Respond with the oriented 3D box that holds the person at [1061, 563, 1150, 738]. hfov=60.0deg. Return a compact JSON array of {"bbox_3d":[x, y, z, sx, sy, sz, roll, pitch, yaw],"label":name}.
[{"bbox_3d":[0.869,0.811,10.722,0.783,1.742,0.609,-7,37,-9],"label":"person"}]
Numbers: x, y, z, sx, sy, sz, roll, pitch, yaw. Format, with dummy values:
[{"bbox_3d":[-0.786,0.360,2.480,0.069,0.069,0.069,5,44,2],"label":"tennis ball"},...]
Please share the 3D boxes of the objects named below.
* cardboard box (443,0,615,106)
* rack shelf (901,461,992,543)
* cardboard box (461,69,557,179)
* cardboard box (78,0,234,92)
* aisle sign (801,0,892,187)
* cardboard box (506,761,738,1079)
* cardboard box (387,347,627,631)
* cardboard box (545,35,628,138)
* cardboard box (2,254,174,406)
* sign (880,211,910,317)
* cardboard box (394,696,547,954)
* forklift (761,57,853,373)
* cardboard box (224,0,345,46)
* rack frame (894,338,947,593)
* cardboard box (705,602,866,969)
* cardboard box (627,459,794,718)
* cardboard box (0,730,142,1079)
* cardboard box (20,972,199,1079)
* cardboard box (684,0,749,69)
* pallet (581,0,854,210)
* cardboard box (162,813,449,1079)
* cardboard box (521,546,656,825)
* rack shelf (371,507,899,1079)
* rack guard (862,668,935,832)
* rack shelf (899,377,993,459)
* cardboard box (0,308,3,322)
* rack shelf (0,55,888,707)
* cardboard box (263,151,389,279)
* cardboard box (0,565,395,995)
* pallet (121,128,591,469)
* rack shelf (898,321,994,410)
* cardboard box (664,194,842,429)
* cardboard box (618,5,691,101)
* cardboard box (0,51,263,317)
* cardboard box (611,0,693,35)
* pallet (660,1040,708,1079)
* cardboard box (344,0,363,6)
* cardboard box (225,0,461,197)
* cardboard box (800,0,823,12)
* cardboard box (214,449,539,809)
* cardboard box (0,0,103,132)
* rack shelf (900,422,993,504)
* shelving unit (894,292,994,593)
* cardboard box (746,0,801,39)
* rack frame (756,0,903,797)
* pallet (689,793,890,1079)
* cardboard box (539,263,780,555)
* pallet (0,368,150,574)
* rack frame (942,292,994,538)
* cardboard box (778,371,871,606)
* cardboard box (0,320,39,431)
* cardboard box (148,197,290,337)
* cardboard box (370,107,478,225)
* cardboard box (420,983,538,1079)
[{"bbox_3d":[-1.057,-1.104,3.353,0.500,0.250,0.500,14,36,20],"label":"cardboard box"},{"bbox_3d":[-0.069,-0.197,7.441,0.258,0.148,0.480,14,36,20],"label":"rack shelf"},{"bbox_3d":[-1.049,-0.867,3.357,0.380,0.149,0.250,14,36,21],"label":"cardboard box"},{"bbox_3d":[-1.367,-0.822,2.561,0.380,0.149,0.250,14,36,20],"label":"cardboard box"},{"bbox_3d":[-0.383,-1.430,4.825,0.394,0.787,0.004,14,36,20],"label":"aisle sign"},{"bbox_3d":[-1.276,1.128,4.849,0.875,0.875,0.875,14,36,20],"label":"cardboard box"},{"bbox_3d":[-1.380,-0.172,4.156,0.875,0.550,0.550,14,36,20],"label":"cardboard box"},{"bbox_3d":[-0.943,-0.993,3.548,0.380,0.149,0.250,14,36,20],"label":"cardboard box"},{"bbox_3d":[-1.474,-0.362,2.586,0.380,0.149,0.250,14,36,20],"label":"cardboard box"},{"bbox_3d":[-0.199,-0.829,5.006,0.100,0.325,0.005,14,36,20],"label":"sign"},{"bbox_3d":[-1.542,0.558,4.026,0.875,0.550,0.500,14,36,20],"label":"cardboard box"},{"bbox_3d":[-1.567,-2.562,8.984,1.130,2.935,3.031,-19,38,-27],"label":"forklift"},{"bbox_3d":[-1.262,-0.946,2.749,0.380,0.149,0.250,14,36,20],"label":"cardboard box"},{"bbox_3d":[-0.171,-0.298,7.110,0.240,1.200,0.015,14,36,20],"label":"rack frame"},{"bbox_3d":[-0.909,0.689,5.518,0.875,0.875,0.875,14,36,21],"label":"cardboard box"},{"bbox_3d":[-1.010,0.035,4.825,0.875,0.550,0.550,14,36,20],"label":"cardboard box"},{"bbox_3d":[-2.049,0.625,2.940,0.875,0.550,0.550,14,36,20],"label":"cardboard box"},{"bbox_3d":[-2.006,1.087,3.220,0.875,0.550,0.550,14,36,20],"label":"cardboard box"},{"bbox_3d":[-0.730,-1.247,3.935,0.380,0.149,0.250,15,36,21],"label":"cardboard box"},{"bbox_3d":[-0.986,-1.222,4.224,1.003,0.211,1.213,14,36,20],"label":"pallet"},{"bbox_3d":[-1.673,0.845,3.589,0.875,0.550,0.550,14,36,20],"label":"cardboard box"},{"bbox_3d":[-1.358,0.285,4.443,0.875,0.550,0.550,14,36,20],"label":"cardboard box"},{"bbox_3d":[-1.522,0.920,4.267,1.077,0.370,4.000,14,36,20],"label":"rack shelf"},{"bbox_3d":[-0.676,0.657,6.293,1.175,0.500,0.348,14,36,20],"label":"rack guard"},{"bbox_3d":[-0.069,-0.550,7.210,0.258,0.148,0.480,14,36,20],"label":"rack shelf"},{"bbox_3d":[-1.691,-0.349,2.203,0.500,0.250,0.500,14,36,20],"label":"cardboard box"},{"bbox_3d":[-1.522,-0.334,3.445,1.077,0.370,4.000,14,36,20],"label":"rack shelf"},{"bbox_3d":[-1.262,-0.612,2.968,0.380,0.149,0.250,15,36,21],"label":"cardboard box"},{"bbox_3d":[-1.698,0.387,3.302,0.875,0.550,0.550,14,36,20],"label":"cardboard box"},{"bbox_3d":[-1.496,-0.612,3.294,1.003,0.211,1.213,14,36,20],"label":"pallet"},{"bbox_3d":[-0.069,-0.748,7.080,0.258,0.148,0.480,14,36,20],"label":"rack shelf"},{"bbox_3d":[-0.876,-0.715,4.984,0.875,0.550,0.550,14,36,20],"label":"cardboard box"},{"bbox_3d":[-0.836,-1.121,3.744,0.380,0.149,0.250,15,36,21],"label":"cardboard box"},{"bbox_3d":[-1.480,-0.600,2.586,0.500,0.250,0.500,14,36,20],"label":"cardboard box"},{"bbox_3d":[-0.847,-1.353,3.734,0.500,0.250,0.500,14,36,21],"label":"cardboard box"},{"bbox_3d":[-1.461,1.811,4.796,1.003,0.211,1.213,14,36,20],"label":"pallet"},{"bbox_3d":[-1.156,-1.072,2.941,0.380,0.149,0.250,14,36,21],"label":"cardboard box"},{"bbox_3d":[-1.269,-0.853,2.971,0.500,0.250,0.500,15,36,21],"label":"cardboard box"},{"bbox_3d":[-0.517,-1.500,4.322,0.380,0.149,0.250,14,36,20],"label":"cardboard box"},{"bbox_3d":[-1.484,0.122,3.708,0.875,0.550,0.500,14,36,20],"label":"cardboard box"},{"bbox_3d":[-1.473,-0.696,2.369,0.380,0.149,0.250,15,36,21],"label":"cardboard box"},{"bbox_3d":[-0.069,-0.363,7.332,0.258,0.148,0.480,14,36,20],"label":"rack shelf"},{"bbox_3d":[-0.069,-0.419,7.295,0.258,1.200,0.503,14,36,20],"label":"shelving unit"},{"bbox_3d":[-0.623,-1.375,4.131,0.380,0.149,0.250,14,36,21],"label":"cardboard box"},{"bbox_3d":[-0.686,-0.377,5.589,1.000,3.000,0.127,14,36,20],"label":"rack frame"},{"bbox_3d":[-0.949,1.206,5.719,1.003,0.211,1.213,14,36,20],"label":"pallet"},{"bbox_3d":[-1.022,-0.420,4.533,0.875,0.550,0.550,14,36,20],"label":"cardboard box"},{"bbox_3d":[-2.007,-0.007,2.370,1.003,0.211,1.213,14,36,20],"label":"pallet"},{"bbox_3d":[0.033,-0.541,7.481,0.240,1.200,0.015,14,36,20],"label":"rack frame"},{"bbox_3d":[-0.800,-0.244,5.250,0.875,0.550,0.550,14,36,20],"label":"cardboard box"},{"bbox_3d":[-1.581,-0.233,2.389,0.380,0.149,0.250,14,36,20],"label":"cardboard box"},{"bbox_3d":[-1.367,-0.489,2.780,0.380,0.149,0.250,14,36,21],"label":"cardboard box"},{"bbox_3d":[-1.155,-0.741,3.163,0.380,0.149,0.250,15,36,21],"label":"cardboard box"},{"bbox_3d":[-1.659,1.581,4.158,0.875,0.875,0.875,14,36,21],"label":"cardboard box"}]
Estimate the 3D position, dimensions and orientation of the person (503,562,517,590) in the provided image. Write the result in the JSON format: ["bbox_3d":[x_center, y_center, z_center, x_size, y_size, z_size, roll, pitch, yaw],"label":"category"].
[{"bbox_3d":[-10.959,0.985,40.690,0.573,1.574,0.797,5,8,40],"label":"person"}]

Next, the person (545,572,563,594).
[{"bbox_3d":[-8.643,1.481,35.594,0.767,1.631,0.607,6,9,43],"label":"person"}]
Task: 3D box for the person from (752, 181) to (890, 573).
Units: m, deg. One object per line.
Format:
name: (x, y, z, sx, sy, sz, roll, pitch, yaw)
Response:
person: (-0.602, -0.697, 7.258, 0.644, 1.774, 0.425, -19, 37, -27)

▬▬▬▬▬▬▬▬▬▬

Print exactly the lines above, between the one holding "cardboard box (443,0,615,106)" and the one holding "cardboard box (2,254,174,406)", inclusive, and nothing besides.

* cardboard box (443,0,615,106)
* rack shelf (901,461,992,543)
* cardboard box (461,69,557,179)
* cardboard box (78,0,234,92)
* aisle sign (801,0,892,187)
* cardboard box (506,761,738,1079)
* cardboard box (387,347,627,631)
* cardboard box (545,35,628,138)
* cardboard box (2,254,174,406)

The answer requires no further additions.